# Who all here is still doing photoshop?



## M.C (Jul 5, 2008)

I am thinking about starting up a new competition, but I need to know if there's enough people to join up. If you do photoshop, and are willing to join in on a competition, let me know!


----------



## Trix (Dec 15, 2009)

I'm down.


----------



## kantowrestler (Jun 6, 2009)

Doesn't it cost money to get photoshop nowadays?


----------



## Ryan_Stevens (Apr 5, 2017)

I'm also using Photoshop


----------



## No Limitz MMA (Oct 4, 2018)

I don't do photoshops much, but I do video editing ! I will still join your contest for fun...maybe a video promo contest soon ?

Cheers


----------



## Trix (Dec 15, 2009)

Oh. I don't use photoshop.

I use a free editing app called TheGimp out of gimp.org.

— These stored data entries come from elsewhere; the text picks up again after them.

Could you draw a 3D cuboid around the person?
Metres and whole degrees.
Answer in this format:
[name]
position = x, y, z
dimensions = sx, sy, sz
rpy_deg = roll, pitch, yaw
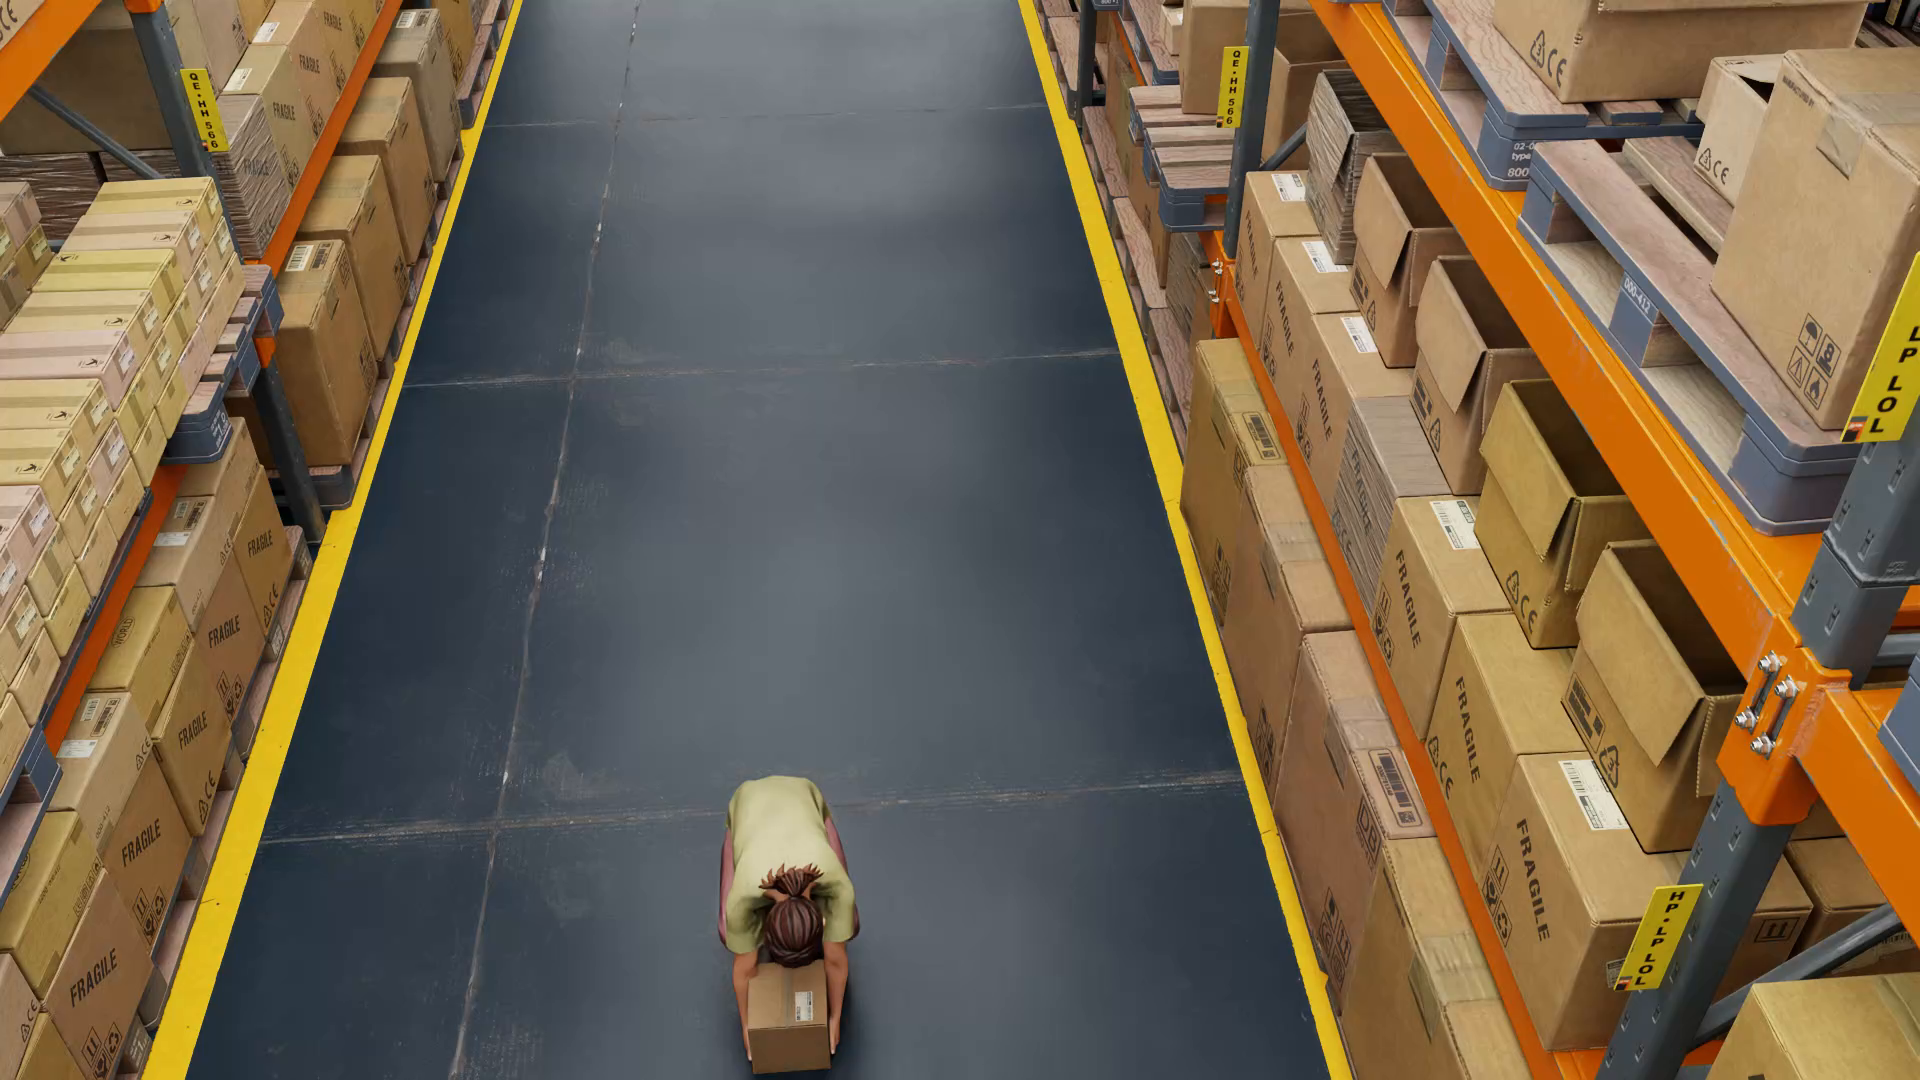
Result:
[person]
position = -0.564, 1.188, 5.469
dimensions = 0.457, 0.786, 0.851
rpy_deg = -4, 39, -5

I still have a lot of MMA images with the backgrounds cut out that can be used to make posters, sigs, avas, etc.

Maybe I'll make a new site & upload, sometime.


----------



## kantowrestler (Jun 6, 2009)

I don't use photoshop, but I do use microsoft paint which you can do a lot with nowadays.


----------



## RangerClydeTheBlue (Jul 11, 2012)

kantowrestler said:


> I don't use photoshop, but I do use microsoft paint which you can do a lot with nowadays.


This is the most kanto post yet.


----------



## Voiceless (Nov 8, 2010)

Trix said:


> I use a free editing app called TheGimp out of gimp.org.


It's just called GIMP.

The Gimp is that ...guy from Pulp Fiction






:thumb02:


----------



## kantowrestler (Jun 6, 2009)

RangerClydeTheBlue said:


> This is the most kanto post yet.


 I guess I'll take that as a compliment and there's a reason why I've never watched Pulp Fiction.


----------



## Voiceless (Nov 8, 2010)

kantowrestler said:


> [...] there's a reason why I've never watched Pulp Fiction.


Because you lack taste in good cinematography¿


----------



## kantowrestler (Jun 6, 2009)

No because I am selective of the movies that I watch and I've never had a reason to watch Pulp Fiction until this point in my life.


----------